# Vaperite VapeCon Specials



## Vaperite South Africa (14/8/17)



Reactions: Like 2


----------



## Vaperite South Africa (14/8/17)

*FOLLOW THIS POST FOR DAILY ADDITIONS TO OUR SPECIALS*

First up is a giveaway to the first 100 customers to spend R1000 or more at our stand.

Yes, we know it has issues with leaking but it is free and, no, you can't return it.

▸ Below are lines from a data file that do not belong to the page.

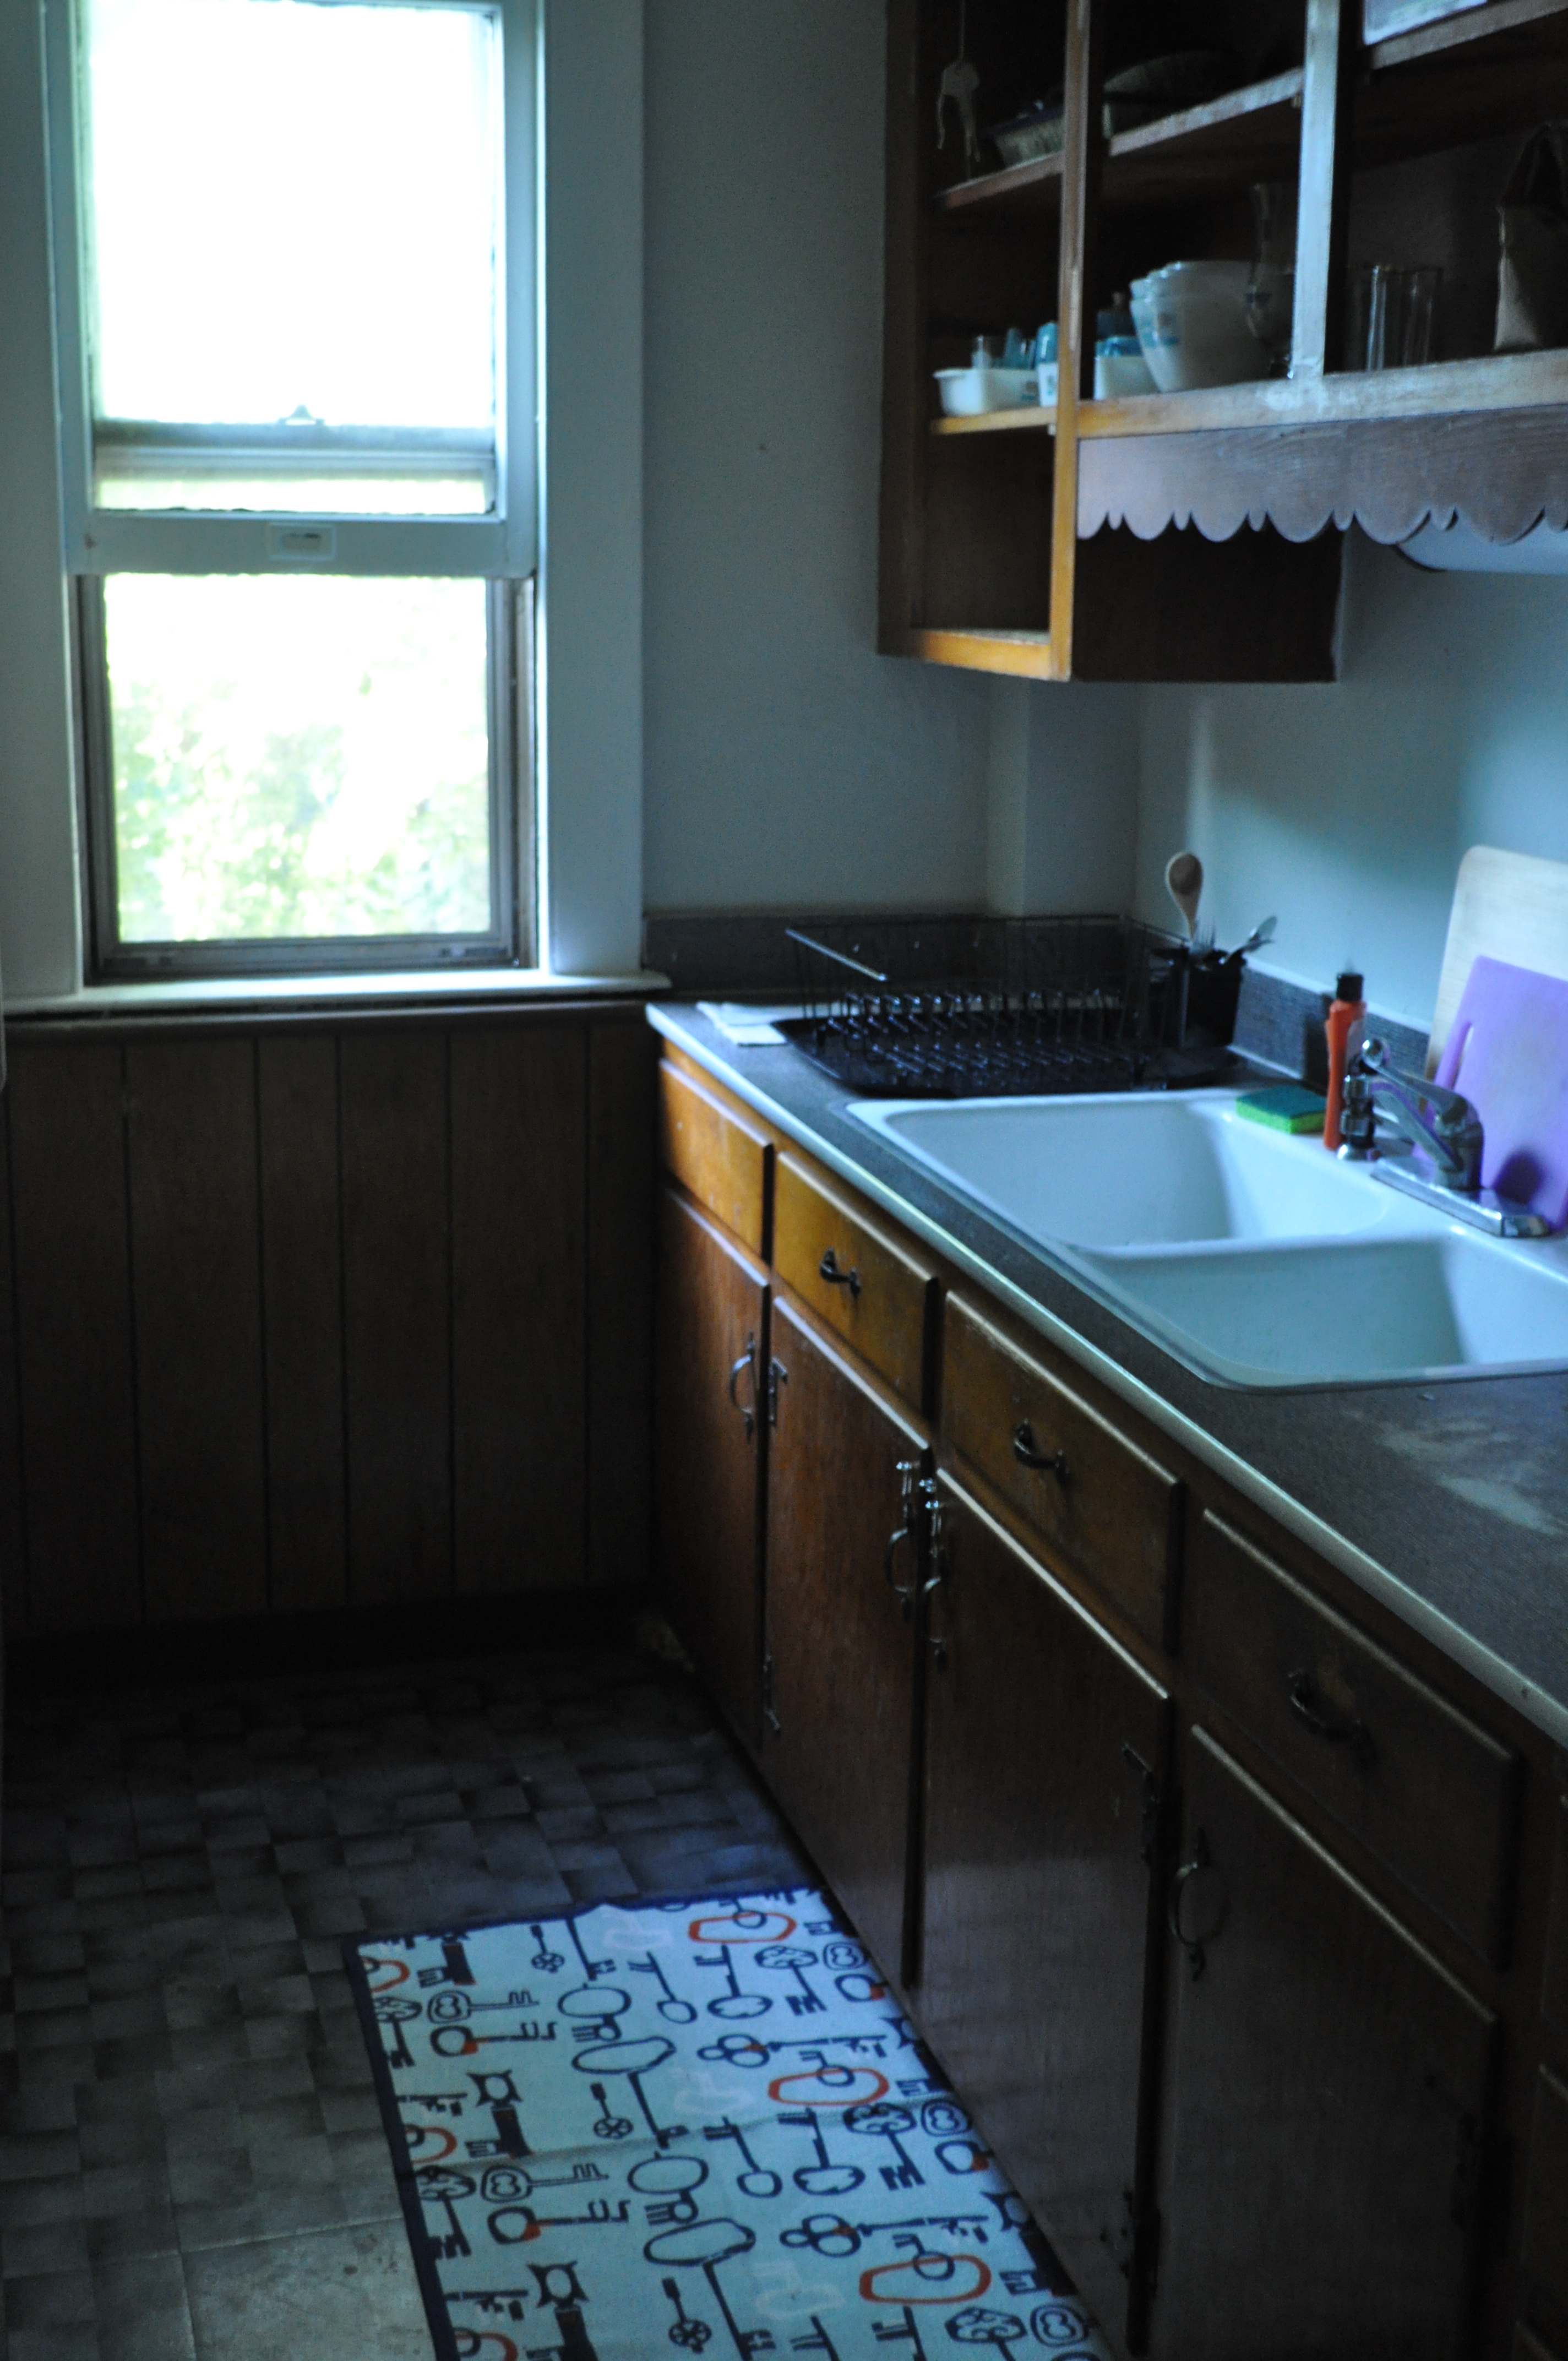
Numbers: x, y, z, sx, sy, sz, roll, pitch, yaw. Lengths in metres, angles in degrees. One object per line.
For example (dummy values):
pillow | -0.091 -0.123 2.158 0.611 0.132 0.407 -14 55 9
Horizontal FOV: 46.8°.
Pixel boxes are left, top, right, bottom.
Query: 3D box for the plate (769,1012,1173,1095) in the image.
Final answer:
plate | 0.243 -0.159 2.301 0.477 0.080 0.438 -1 7 -4

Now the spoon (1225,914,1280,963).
spoon | 0.592 -0.303 2.296 0.037 0.045 0.101 -3 1 -3

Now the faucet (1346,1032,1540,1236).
faucet | 0.621 -0.040 1.737 0.061 0.112 0.239 -5 23 -13

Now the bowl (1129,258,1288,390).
bowl | 0.384 -0.765 1.638 0.106 0.107 0.134 6 25 17
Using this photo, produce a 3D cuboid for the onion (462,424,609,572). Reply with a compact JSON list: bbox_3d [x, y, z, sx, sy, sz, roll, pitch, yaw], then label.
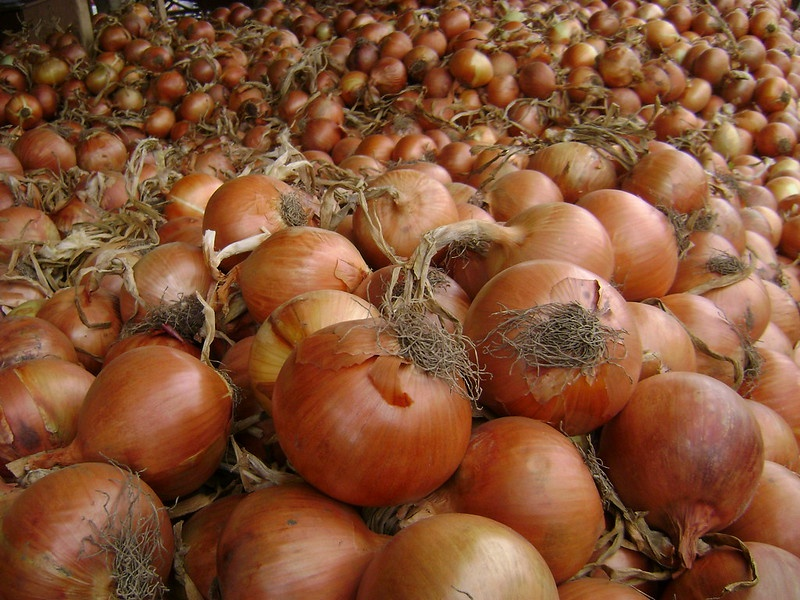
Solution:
[{"bbox_3d":[0.331,0.494,1.881,0.367,0.389,0.376,-15,22,5],"label":"onion"}]

A free Kangertech NEBOX originally priced at R1350. These are brand new units.


​

Reactions: Like 1 | Winner 2


----------



## Vaperite South Africa (14/8/17)

Goon V1.5 and Goon V1.5 Colour Caps

Authentic Goon V1.5 and colour caps for the Goon V1.5 by 528 Custom Vapes

Goon V1.5 in all four colour variants only R716 each

Goon V1.5 colour caps in blue, red, purple and green only R280 each



​

Reactions: Like 2 | Winner 1


----------



## Vaperite South Africa (14/8/17)

*LAUNCHING AT VAPECON 2017 - OUR THIRD HOUSE BRAND RANGE*

*VAPECON LAUNCH SPECIAL - R150 PER 60ML BOTTLE*

​

Reactions: Like 3 | Winner 1


----------



## Max (14/8/17)

Awesome @Vaperite South Africa - and please - Pleeeeeeeeeez - confirm that you will have some 0mg - Uncle Junks Junkyard Scotch at the event. 

           

Best Regards and all the best for the upcoming VapeCon.


----------



## Vaperite South Africa (14/8/17)

Max said:


> Awesome @Vaperite South Africa - and please - Pleeeeeeeeeez - confirm that you will have some 0mg - Uncle Junks Junkyard Scotch at the event.
> 
> 
> 
> Best Regards and all the best for the upcoming VapeCon.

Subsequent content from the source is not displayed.